____ Input records
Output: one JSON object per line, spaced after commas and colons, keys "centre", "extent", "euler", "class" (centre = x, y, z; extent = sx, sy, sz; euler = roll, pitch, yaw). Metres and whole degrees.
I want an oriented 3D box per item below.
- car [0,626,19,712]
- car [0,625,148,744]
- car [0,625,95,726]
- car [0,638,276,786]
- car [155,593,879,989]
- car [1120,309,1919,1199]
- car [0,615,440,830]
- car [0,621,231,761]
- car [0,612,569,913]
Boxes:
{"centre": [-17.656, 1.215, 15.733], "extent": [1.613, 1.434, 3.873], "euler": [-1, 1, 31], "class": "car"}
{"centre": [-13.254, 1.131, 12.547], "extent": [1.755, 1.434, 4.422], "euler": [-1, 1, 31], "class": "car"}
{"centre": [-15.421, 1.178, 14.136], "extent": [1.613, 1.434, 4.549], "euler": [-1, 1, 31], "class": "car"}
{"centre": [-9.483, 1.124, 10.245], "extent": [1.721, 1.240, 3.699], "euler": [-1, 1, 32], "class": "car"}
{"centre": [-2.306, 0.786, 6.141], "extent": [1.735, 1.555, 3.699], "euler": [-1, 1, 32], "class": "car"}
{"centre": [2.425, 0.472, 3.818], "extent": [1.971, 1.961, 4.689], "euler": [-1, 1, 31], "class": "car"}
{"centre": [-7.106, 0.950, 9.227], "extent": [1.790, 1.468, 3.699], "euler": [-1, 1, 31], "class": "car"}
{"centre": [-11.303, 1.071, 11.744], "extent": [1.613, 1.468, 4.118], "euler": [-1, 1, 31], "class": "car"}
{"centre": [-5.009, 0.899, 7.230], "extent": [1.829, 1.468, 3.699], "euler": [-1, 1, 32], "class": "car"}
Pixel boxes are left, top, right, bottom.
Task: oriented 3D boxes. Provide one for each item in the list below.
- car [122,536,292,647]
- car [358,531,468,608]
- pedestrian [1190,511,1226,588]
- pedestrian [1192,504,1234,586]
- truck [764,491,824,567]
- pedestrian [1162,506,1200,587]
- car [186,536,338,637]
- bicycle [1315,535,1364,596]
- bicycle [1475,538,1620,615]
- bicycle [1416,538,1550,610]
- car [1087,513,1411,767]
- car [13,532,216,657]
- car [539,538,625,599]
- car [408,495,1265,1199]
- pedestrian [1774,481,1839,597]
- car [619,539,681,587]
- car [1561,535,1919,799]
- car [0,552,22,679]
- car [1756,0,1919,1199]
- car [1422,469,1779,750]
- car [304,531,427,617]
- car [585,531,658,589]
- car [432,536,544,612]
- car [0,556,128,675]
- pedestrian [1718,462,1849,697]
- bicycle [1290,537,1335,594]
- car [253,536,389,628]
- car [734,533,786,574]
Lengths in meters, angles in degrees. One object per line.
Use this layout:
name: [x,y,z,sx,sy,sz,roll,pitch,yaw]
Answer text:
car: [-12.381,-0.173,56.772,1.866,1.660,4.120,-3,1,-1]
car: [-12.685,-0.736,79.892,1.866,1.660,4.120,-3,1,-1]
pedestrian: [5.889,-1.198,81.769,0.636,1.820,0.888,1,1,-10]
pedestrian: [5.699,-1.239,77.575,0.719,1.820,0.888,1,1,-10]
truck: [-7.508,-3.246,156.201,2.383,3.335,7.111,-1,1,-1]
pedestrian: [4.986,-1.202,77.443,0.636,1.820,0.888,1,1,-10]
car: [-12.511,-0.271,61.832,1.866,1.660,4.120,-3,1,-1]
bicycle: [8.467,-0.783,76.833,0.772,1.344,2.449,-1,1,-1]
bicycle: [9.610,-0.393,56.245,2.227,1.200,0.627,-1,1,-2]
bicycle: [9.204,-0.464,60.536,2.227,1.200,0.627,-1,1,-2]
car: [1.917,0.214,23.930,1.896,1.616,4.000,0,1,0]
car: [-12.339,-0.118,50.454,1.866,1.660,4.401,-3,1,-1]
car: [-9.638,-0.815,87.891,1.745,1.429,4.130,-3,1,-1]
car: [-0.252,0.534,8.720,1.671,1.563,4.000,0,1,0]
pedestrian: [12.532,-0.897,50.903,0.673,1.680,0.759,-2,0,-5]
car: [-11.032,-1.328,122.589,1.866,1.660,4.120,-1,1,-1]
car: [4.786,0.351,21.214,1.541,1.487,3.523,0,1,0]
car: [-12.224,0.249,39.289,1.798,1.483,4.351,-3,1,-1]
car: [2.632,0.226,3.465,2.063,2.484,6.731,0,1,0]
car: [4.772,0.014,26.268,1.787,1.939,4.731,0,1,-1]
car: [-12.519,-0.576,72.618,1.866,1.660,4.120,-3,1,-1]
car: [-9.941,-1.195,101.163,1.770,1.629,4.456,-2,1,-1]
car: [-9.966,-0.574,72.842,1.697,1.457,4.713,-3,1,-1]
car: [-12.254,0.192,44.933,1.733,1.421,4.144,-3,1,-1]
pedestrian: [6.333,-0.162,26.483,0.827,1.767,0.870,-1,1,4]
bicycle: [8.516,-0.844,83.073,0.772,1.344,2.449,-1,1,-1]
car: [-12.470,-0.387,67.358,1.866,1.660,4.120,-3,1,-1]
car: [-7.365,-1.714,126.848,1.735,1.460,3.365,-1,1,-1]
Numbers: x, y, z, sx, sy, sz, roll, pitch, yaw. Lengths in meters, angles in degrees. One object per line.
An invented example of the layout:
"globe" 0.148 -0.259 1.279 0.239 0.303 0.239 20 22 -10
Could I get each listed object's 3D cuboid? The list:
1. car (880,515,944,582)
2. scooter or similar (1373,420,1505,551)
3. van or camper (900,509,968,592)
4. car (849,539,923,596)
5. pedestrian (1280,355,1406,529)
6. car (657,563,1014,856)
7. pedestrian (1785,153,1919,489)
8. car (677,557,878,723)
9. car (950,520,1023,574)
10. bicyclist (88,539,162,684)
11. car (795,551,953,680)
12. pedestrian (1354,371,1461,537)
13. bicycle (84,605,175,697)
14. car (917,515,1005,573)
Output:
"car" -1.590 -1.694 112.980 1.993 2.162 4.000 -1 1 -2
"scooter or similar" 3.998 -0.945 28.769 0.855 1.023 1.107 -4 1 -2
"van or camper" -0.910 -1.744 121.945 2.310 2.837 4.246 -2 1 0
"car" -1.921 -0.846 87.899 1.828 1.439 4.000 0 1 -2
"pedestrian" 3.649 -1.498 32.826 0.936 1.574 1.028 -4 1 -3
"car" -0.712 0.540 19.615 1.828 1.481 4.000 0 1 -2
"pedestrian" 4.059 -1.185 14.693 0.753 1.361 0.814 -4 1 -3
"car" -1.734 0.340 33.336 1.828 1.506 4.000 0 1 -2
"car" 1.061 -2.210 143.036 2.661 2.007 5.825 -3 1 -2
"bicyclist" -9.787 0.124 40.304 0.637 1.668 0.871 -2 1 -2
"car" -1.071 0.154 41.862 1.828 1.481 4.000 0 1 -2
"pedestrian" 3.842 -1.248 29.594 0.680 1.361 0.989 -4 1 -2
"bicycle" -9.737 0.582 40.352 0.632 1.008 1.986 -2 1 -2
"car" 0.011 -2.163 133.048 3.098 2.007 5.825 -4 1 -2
________
■ **Work to complete**:
Extract exactly the lines between the line containing "9. car (950,520,1023,574)" and the end of the data, including both.

■ **Task result**:
9. car (950,520,1023,574)
10. bicyclist (88,539,162,684)
11. car (795,551,953,680)
12. pedestrian (1354,371,1461,537)
13. bicycle (84,605,175,697)
14. car (917,515,1005,573)
Output:
"car" -1.590 -1.694 112.980 1.993 2.162 4.000 -1 1 -2
"scooter or similar" 3.998 -0.945 28.769 0.855 1.023 1.107 -4 1 -2
"van or camper" -0.910 -1.744 121.945 2.310 2.837 4.246 -2 1 0
"car" -1.921 -0.846 87.899 1.828 1.439 4.000 0 1 -2
"pedestrian" 3.649 -1.498 32.826 0.936 1.574 1.028 -4 1 -3
"car" -0.712 0.540 19.615 1.828 1.481 4.000 0 1 -2
"pedestrian" 4.059 -1.185 14.693 0.753 1.361 0.814 -4 1 -3
"car" -1.734 0.340 33.336 1.828 1.506 4.000 0 1 -2
"car" 1.061 -2.210 143.036 2.661 2.007 5.825 -3 1 -2
"bicyclist" -9.787 0.124 40.304 0.637 1.668 0.871 -2 1 -2
"car" -1.071 0.154 41.862 1.828 1.481 4.000 0 1 -2
"pedestrian" 3.842 -1.248 29.594 0.680 1.361 0.989 -4 1 -2
"bicycle" -9.737 0.582 40.352 0.632 1.008 1.986 -2 1 -2
"car" 0.011 -2.163 133.048 3.098 2.007 5.825 -4 1 -2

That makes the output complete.